Congratulations to Yeji Shen for passing his defense on Sep 7, 2021. His Ph.D. thesis is entitled “Labeling Cost Reduction Techniques for Deep Learning: Methodologies and Applications”. Here we invite Yeji to share a brief introduction of his thesis and some words he would like to say at the end of the Ph.D. study journey.

1) Abstract of Thesis

Deep learning has contributed to a significant performance boost of many computer vision tasks. Still, the success of most existing deep learning techniques relies on a large number of labeled data. While data labeling is costly, a natural question arises: is it possible to achieve better performance with the same budget of data labeling? We provide two directions to address the problem: more efficient utilization of the budget or supplementing unlabeled data with no labeling cost. Specifically, in this dissertation, we study three problems related to the topic of reducing the labeling cost: 1) active learning that aims at identifying most informative unlabeled samples for labeling; 2) weakly supervised 3D human pose estimation that utilizes a special type of unlabeled data, action-frozen people videos, to help improve the performance with few manual annotations; and 3) self-supervised representation learning on a large-scale dataset of images with text and user-input tags at no additional labeling cost.

In the first part of this talk, we will introduce our representation work which mainly focuses on the utilization of textual information in images. Text information inside images could provide valuable cues for image understanding. We propose a simple but effective representation learning framework, called the Self-Supervised Representation learning of Images with Texts (SSRIT). SSRIT exploits optical character recognition (OCR) signals in a self-supervision manner. SSRIT constructs a representation that is trained to predict whether the text in the image contains particular words or phrases. This allows us to leverage unlabeled data to uncover the non-textual visual features shared by images that contain similar text.  The SSRIT representation is beneficial to image tag prediction and functional image classification.
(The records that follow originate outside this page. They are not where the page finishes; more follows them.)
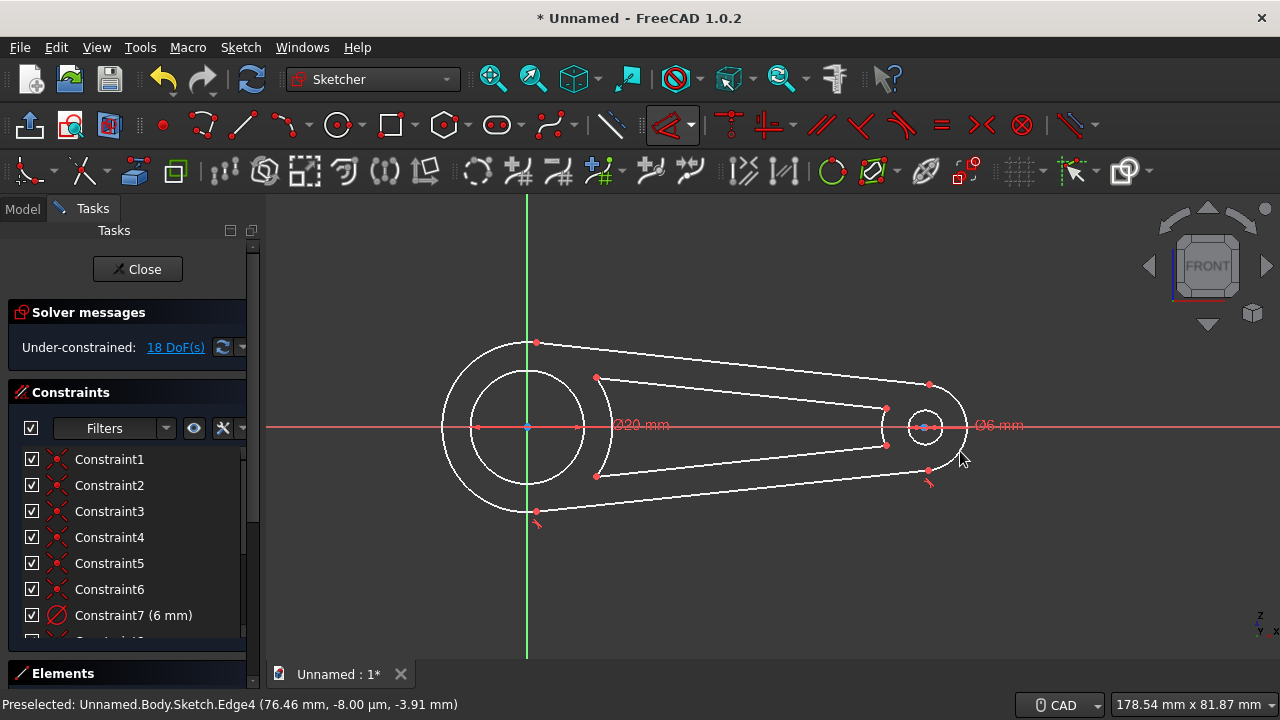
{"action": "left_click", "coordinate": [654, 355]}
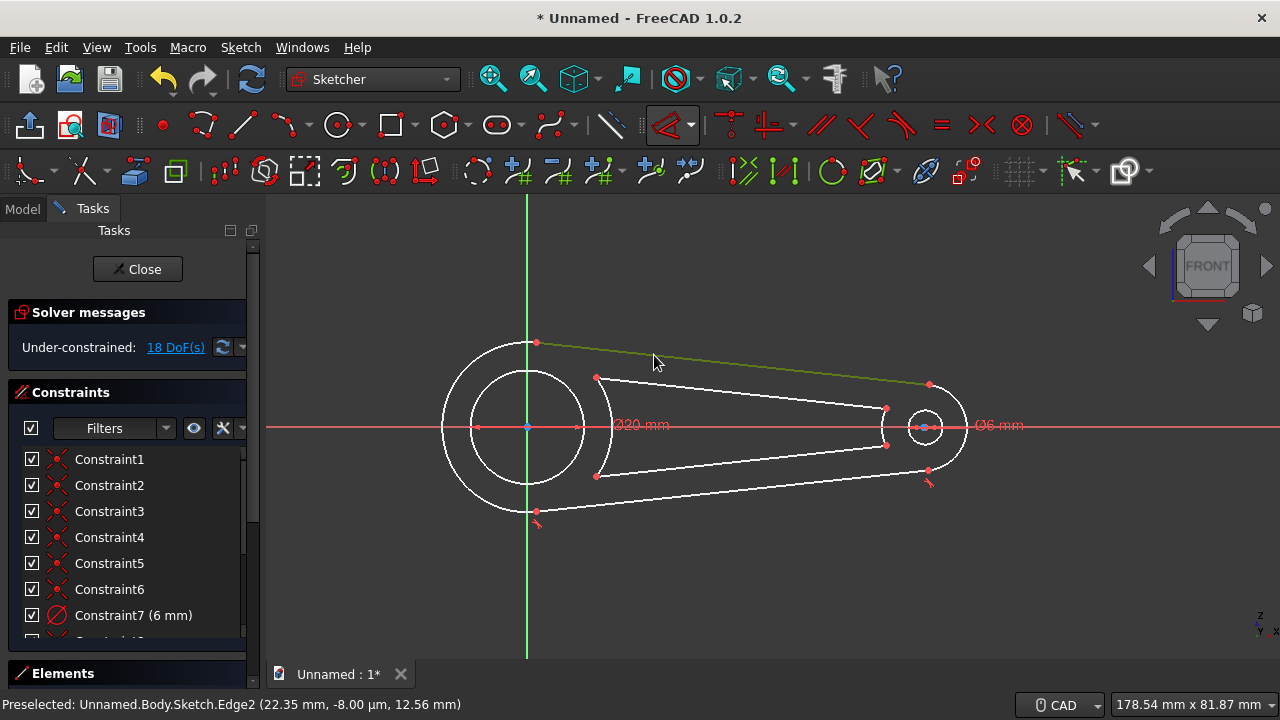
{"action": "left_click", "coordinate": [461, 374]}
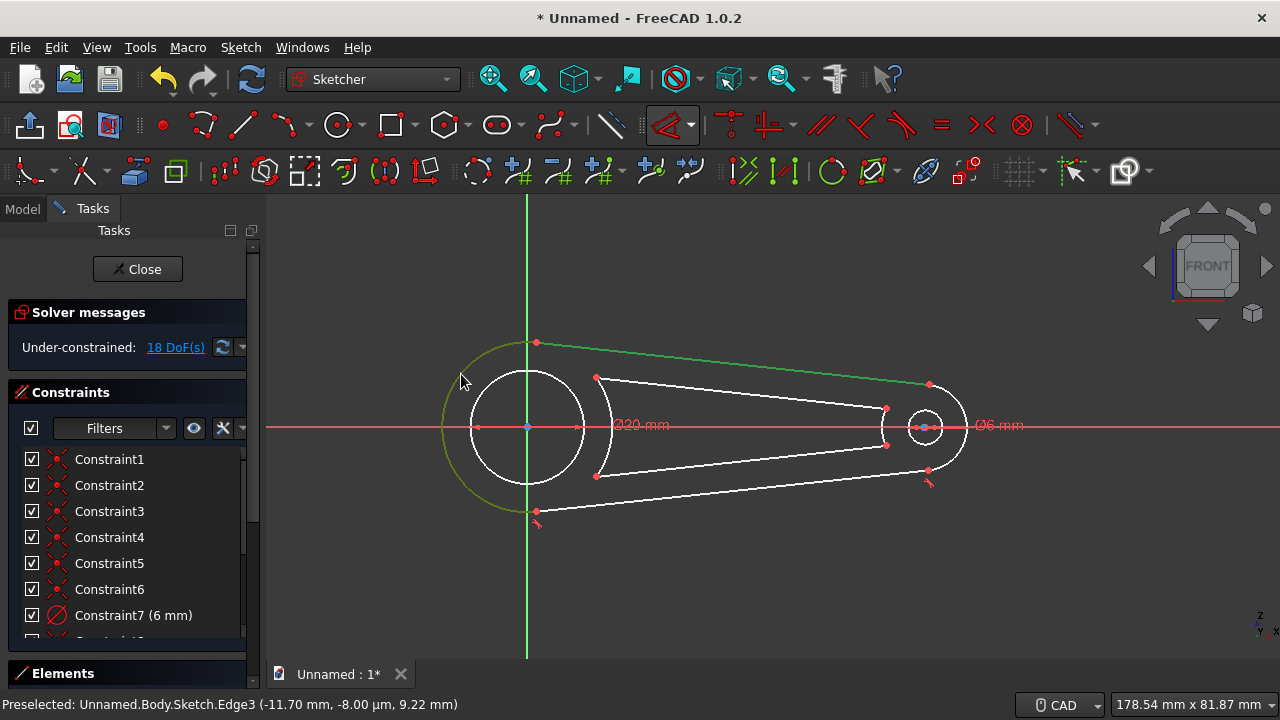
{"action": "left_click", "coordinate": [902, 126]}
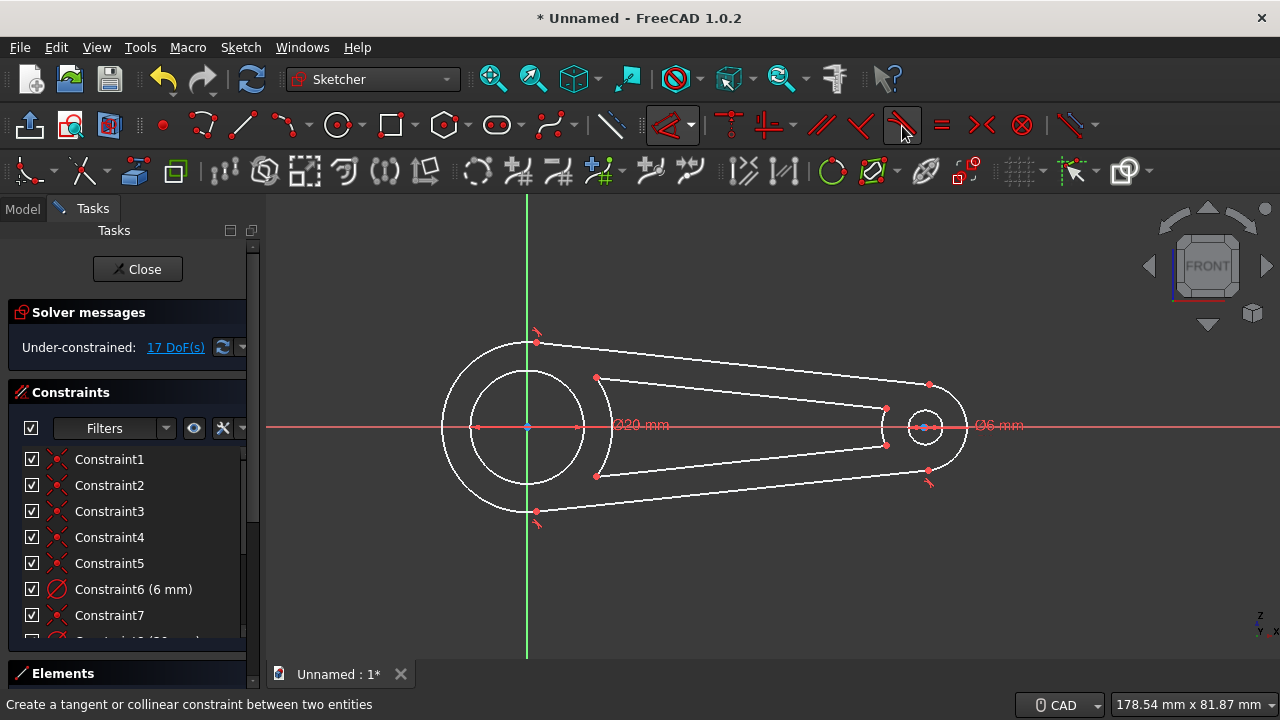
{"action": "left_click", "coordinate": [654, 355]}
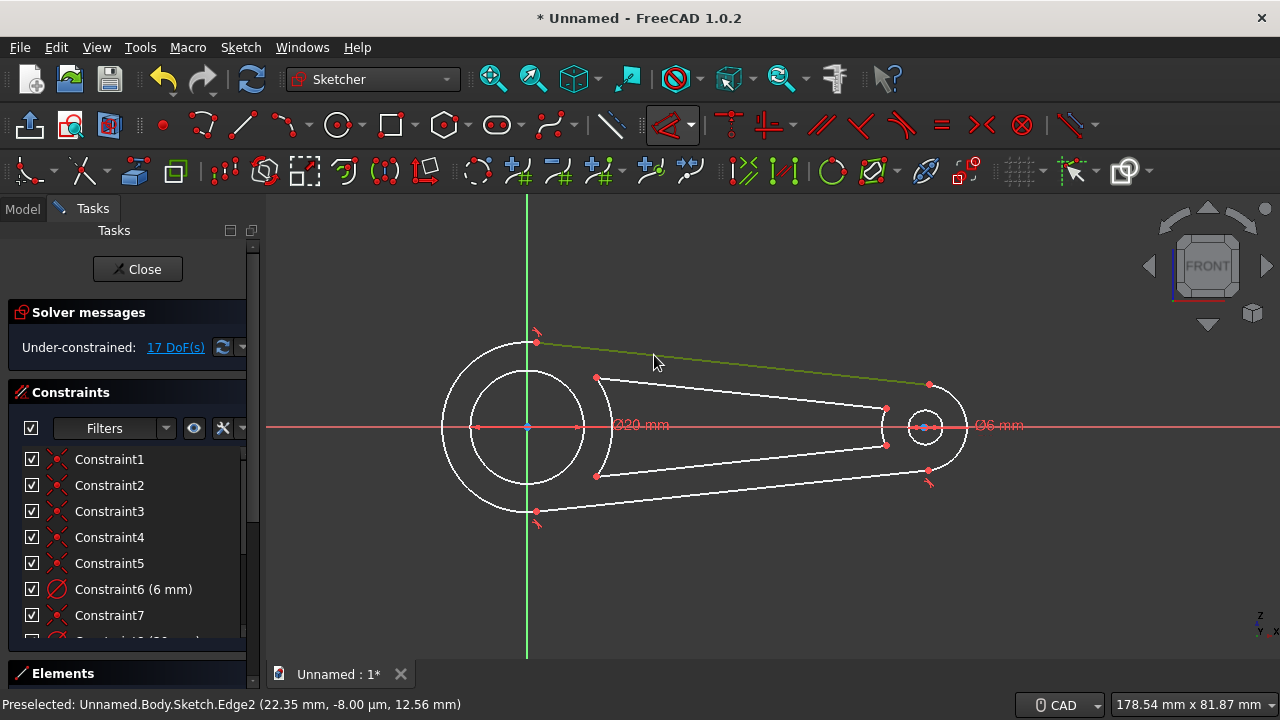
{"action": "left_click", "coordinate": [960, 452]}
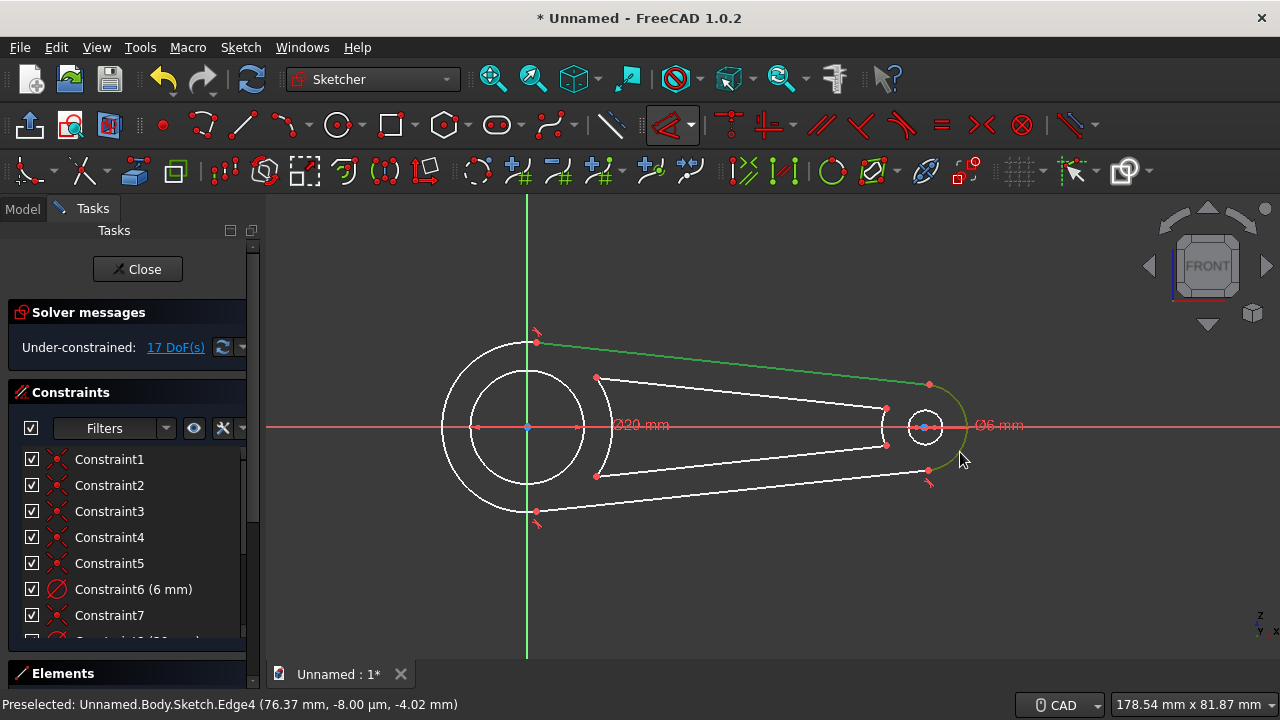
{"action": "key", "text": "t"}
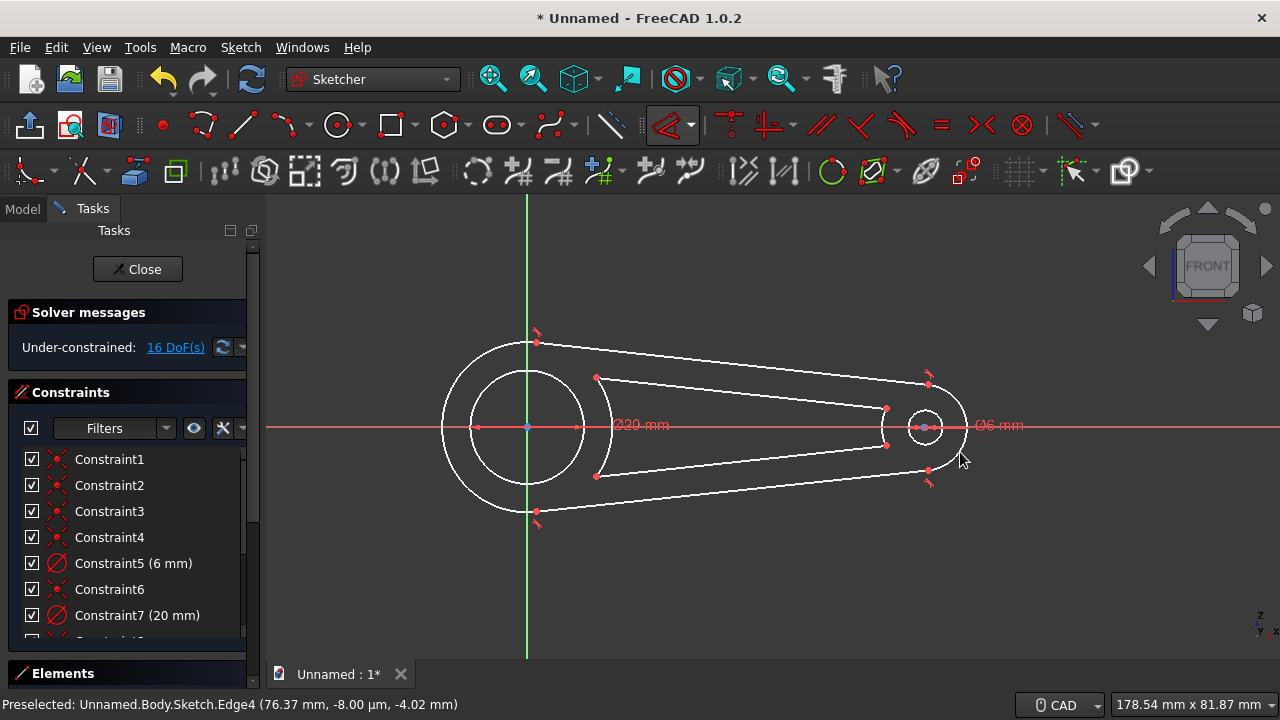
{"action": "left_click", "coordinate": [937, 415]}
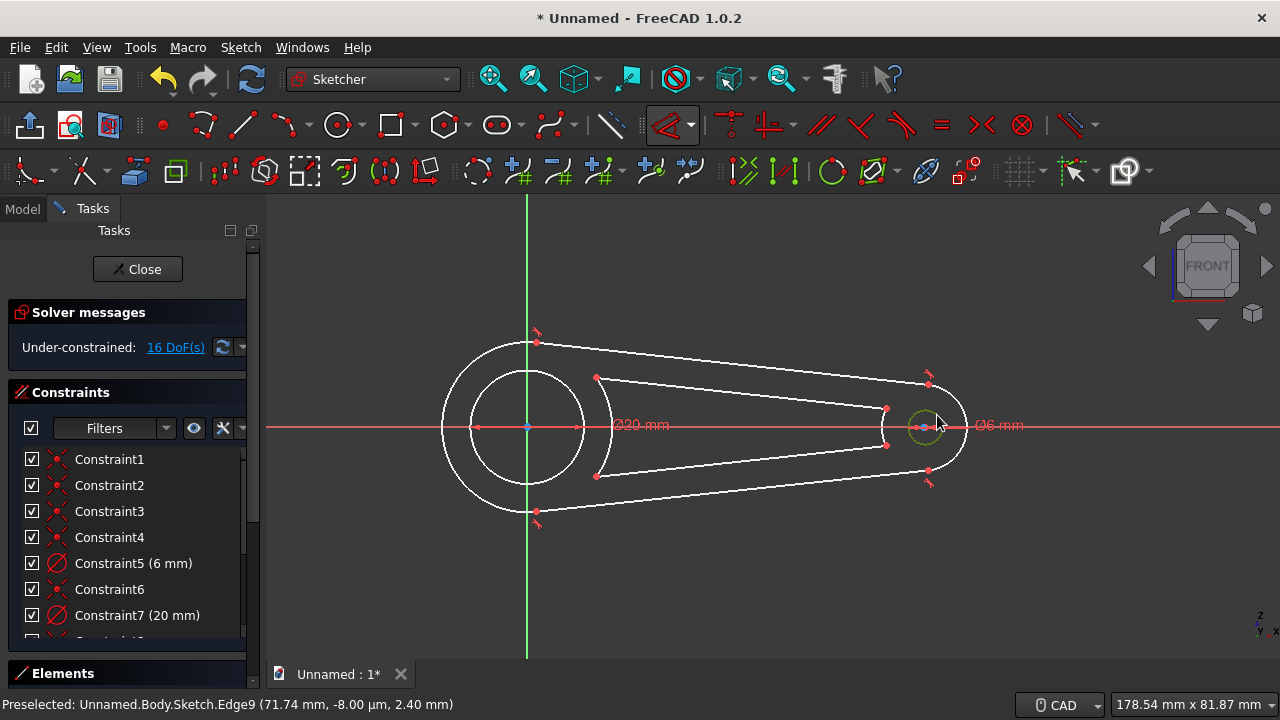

In both tasks, SSRIT outperforms baseline models with no OCR information as well as models that consume OCR with no self-supervised representation.

In the second part, we will briefly review our previous works in 3D pose and active learning. Our 3D pose work is featured by the proposed MVM method that can efficiently extract and recover 3D poses from a special kind of videos of action-frozen people. We further build a dataset using this method. The active learning part contains two works: K-covers and TBAL. Both methods focus on techniques to balance the uncertainty and diversity when selecting samples. With the help of proposed active learning strategies, we achieve state-of-the-art performance in MNIST, SVHN, CIFAR-10 and CUB datasets.

2) Ph.D. experience:

I would like to express my sincere gratitude to Prof. Kuo. Prof. Kuo is the role model for not only conducting research but also the life attitude. His diligence, self-discipline, sense of responsibility and endless enthusiasm to research are probably something that I may not be able to achieve in my life. And I hope that I could be closer to Prof. Kuo in the future. Besides, I would also like to say thanks to my MCL labmates. Life as a PhD student is never easy. It becomes slightly better with the help and support from friends in our lab. I wish you a bright future for all fellow MCL members.